In this episode of the EY MENA FS podcast, Mayur Pau, EY MENA Financial Services Leader engages with Shahzeen Baloch, EY MENA Financial Services Technology Consulting Leader, to explore the greenfield digital banks landscape in the Middle East. The discussion highlights the unique opportunities presented by the region's strong economic fundamentals, shifting customer behaviors, and supportive regulatory frameworks.
Listeners will gain insights into the strategic considerations for selecting technology partners, the critical role of RegTech in ensuring compliance, and the potential for Islamic banking propositions to be designed as digital-first offerings. The conversation also delves into emerging technologies such as AI, open banking and real-time data architectures, which are set to shape the future of digital banking in the region.

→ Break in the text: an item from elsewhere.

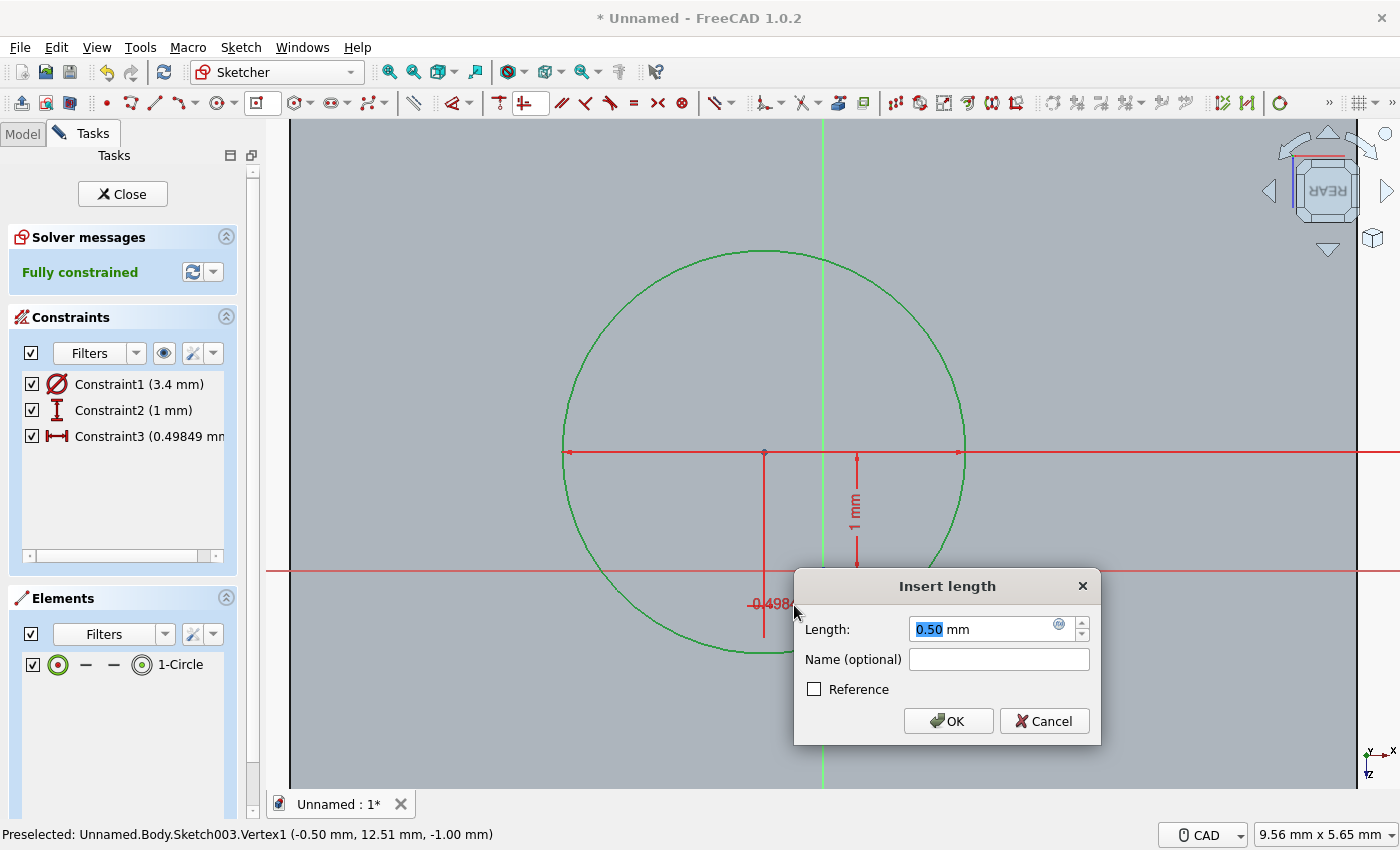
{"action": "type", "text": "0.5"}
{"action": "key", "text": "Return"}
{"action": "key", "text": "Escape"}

This episode will provide deep insights into how digital transformation is redefining banking in the MENA region, the technological advancements driving this change and the implications for both traditional and new entrants in the financial services sector. Tune in to discover how greenfield digital banks can leverage these trends to create innovative, customer-centric solutions that meet the demands of a rapidly evolving market.
Key takeaways:
Understand the current landscape and opportunities for greenfield digital banks in the Middle East.
Recognize the importance of adopting a modular, cloud-native architecture for digital banking success.
Learn how to leverage data and artificial intelligence (AI) for hyper-personalized customer experiences.
Explore the critical role of RegTech in ensuring compliance and operational resilience.
Discover strategies for designing Shariah-compliant products that meet growing consumer demand.
Identify emerging technologies shaping the future of digital banking, including open banking and real-time data architectures.
Gain insights into effective vendor selection and partnership strategies for long-term innovation.
Mayur Pau:
Welcome to the EY MENA Financial Services Podcast, where we explore how banking is evolving in the Middle East.
I’m your host Mayur Pau, and I lead the MENA Financial Services practice.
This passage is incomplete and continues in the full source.